_Extracted material_:

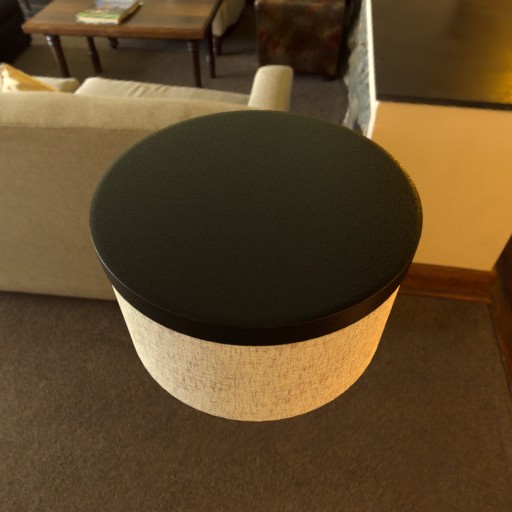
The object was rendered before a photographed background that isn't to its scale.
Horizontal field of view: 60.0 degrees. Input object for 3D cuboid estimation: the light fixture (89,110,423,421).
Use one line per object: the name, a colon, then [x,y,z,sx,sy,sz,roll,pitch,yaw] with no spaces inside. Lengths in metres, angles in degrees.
light fixture: [0.000,0.000,0.614,0.389,0.229,0.389,0,47,0]
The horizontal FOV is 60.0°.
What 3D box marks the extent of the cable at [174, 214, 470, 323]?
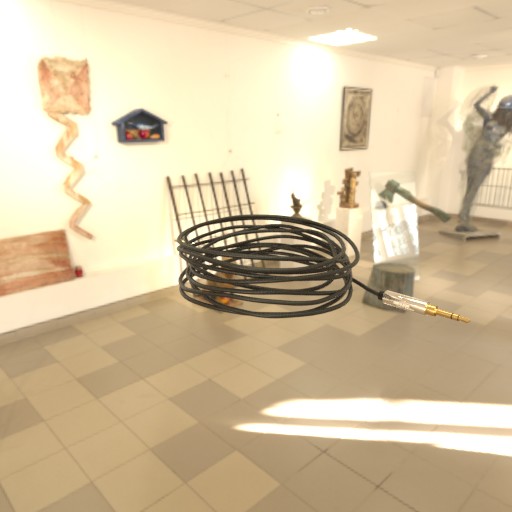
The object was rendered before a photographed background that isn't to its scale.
[{"bbox_3d":[0.000,0.000,0.497,0.198,0.069,0.432,-15,22,-42],"label":"cable"}]
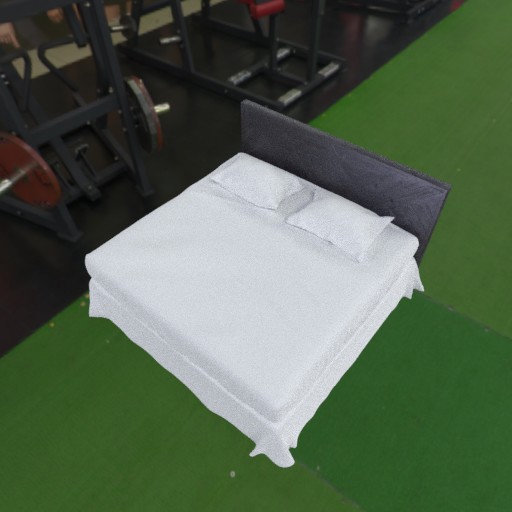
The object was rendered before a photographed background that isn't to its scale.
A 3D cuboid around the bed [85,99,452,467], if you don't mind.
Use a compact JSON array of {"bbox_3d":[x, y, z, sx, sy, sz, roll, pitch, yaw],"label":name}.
[{"bbox_3d":[0.000,0.000,3.574,2.255,1.158,2.165,31,55,26],"label":"bed"}]
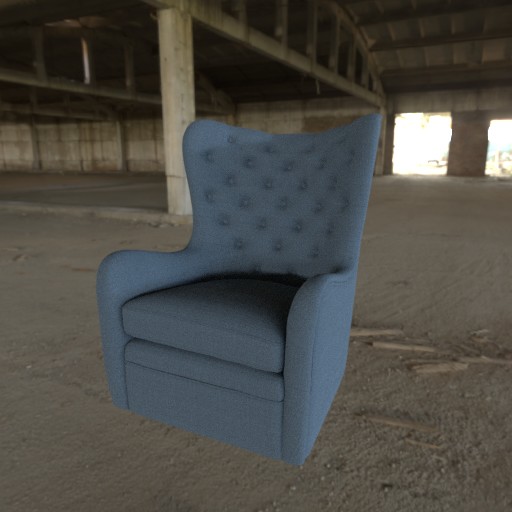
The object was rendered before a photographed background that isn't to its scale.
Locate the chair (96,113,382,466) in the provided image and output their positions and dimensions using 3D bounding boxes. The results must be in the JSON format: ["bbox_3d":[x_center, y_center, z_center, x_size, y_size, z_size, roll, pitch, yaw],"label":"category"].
[{"bbox_3d":[0.000,0.000,1.740,0.831,1.079,0.930,6,15,25],"label":"chair"}]
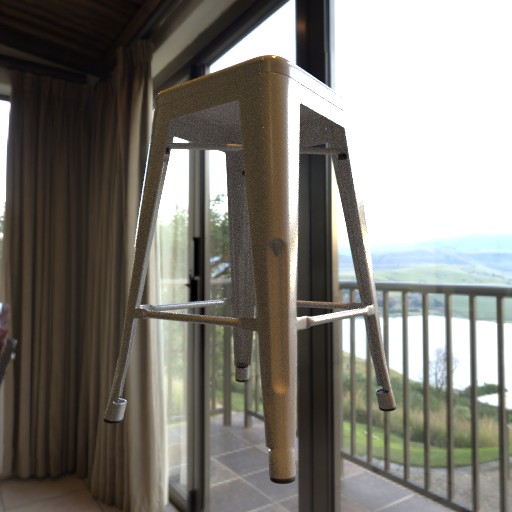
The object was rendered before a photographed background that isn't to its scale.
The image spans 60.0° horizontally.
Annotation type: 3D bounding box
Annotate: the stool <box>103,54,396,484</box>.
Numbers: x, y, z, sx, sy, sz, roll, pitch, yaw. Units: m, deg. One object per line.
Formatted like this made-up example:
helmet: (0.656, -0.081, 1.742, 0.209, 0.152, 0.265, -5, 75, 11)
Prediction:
stool: (0.000, 0.000, 0.854, 0.406, 0.610, 0.406, -1, -2, 37)
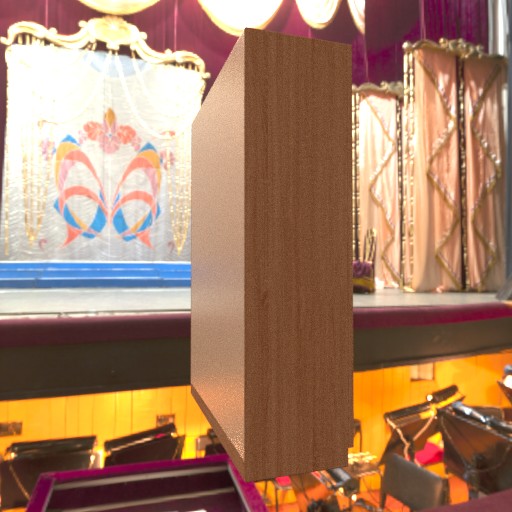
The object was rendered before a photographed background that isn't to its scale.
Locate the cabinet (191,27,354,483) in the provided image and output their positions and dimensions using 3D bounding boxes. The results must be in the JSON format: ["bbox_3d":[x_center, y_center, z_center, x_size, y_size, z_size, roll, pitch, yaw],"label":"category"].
[{"bbox_3d":[0.000,0.000,2.862,0.590,2.120,1.500,0,-1,-18],"label":"cabinet"}]
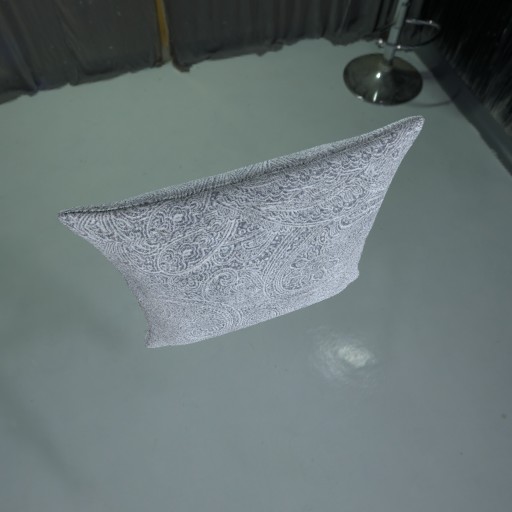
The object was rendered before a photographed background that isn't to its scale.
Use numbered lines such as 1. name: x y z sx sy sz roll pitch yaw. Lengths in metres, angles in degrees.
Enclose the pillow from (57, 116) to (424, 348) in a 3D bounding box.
1. pillow: 0.000 0.000 0.808 0.523 0.510 0.166 -17 61 -10

_To do_: Repeat all of the entries above word for word and omit the pictures.

_Result below_:
The object was rendered before a photographed background that isn't to its scale.
Horizontal field of view: 60.0 degrees. Input object for 3D cuboid estimation: the light fixture (89,110,423,421).
Use one line per object: the name, a colon, then [x,y,z,sx,sy,sz,roll,pitch,yaw] with no spaces inside. Lengths in metres, angles in degrees.
light fixture: [0.000,0.000,0.614,0.389,0.229,0.389,0,47,0]
The horizontal FOV is 60.0°.
What 3D box marks the extent of the cable at [174, 214, 470, 323]?
The object was rendered before a photographed background that isn't to its scale.
[{"bbox_3d":[0.000,0.000,0.497,0.198,0.069,0.432,-15,22,-42],"label":"cable"}]
The object was rendered before a photographed background that isn't to its scale.
A 3D cuboid around the bed [85,99,452,467], if you don't mind.
Use a compact JSON array of {"bbox_3d":[x, y, z, sx, sy, sz, roll, pitch, yaw],"label":name}.
[{"bbox_3d":[0.000,0.000,3.574,2.255,1.158,2.165,31,55,26],"label":"bed"}]
The object was rendered before a photographed background that isn't to its scale.
Locate the chair (96,113,382,466) in the provided image and output their positions and dimensions using 3D bounding boxes. The results must be in the JSON format: ["bbox_3d":[x_center, y_center, z_center, x_size, y_size, z_size, roll, pitch, yaw],"label":"category"].
[{"bbox_3d":[0.000,0.000,1.740,0.831,1.079,0.930,6,15,25],"label":"chair"}]
The object was rendered before a photographed background that isn't to its scale.
The image spans 60.0° horizontally.
Annotation type: 3D bounding box
Annotate: the stool <box>103,54,396,484</box>.
Numbers: x, y, z, sx, sy, sz, roll, pitch, yaw. Units: m, deg. One object per line.
Formatted like this made-up example:
helmet: (0.656, -0.081, 1.742, 0.209, 0.152, 0.265, -5, 75, 11)
Prediction:
stool: (0.000, 0.000, 0.854, 0.406, 0.610, 0.406, -1, -2, 37)
The object was rendered before a photographed background that isn't to its scale.
Locate the cabinet (191,27,354,483) in the provided image and output their positions and dimensions using 3D bounding boxes. The results must be in the JSON format: ["bbox_3d":[x_center, y_center, z_center, x_size, y_size, z_size, roll, pitch, yaw],"label":"category"].
[{"bbox_3d":[0.000,0.000,2.862,0.590,2.120,1.500,0,-1,-18],"label":"cabinet"}]
The object was rendered before a photographed background that isn't to its scale.
Use numbered lines such as 1. name: x y z sx sy sz roll pitch yaw. Lengths in metres, angles in degrees.
Enclose the pillow from (57, 116) to (424, 348) in a 3D bounding box.
1. pillow: 0.000 0.000 0.808 0.523 0.510 0.166 -17 61 -10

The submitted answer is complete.